1. We all rightly admire great people and aspire to be one. But not every great person is a leader, and not every leader is a great person. Greatness is defined in many ways. Leadership is defined in far narrower ways.

2. If fewer people succumbed to the siren song of leadership—to the prestige, the paycheck, the perks—the overall level of leadership in our society would instantly rise, because many people with the wrong motives would be cleared out of the executive suites.

I base this view on years of watching (and advising and serving) top-level presidents and CEOs and senior executives of major organizations—some who succeeded at epic levels and some who didn’t. I base it on my own up-and-down experiences in management and leadership (albeit at a lower level than the head of a large organization).

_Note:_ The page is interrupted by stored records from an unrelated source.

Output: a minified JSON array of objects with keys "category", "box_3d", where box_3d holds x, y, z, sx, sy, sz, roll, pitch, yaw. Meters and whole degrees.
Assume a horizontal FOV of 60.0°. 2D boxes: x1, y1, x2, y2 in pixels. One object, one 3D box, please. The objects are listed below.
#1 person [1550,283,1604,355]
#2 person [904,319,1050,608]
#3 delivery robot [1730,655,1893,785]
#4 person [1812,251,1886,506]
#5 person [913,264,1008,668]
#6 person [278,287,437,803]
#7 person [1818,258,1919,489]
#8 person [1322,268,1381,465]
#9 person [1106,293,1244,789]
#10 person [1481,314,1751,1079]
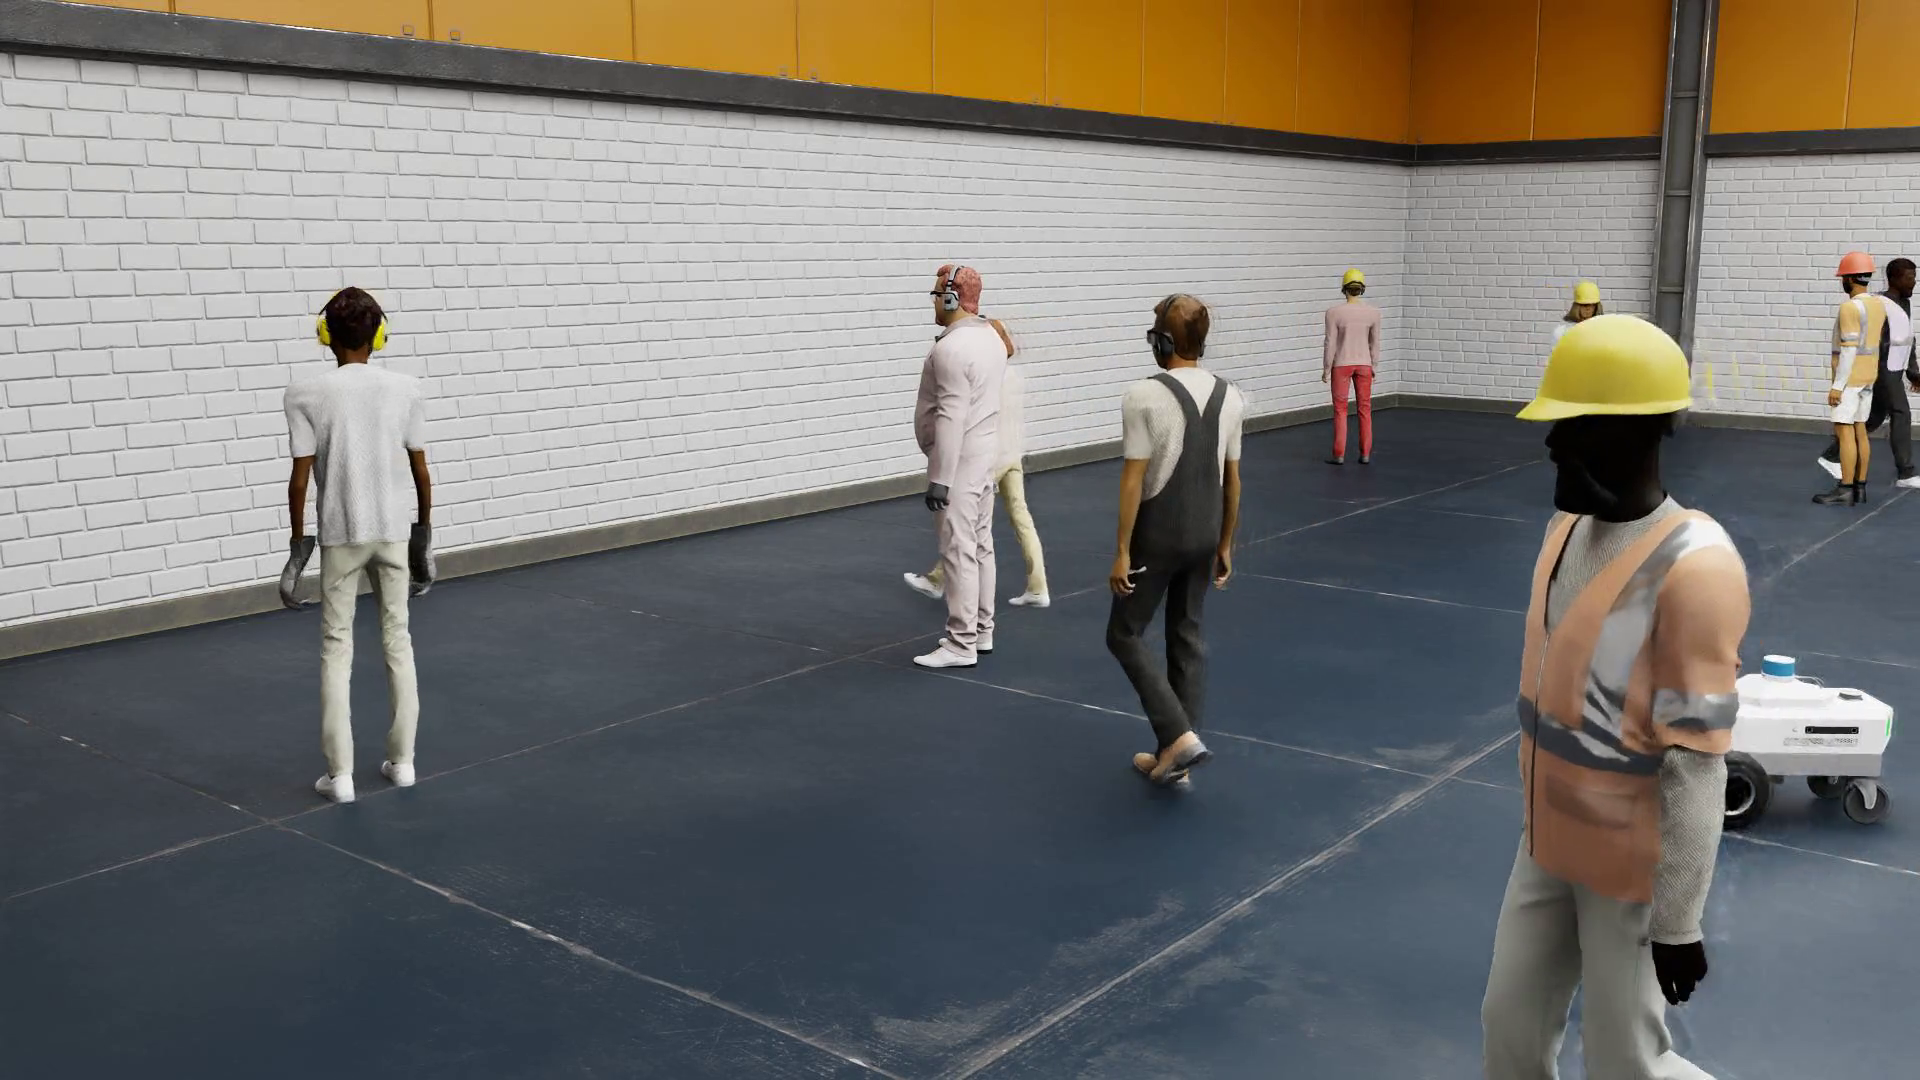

And I base it on years of working alongside influential leadership theorists who had to test which theories work in practice.

Greatness and leadership both require overcoming failures and obstacles and setbacks. But in the case of the leader, those failures tend to be particularlypublic. And there are often significant groups of people—followers, donors, the media, and rivals—who are willing to pounce on any weakness they perceive in you. That’s some tough brew—certainly not for everyone.

Not every mountain need be clumb, as they say. Just because leadership and management represent an imposing challenge doesn’t mean they should be your challenge. There’s greater honor and happiness in finding your own true path than in getting on a path that others (and perhaps your inner ego) try to sell to you.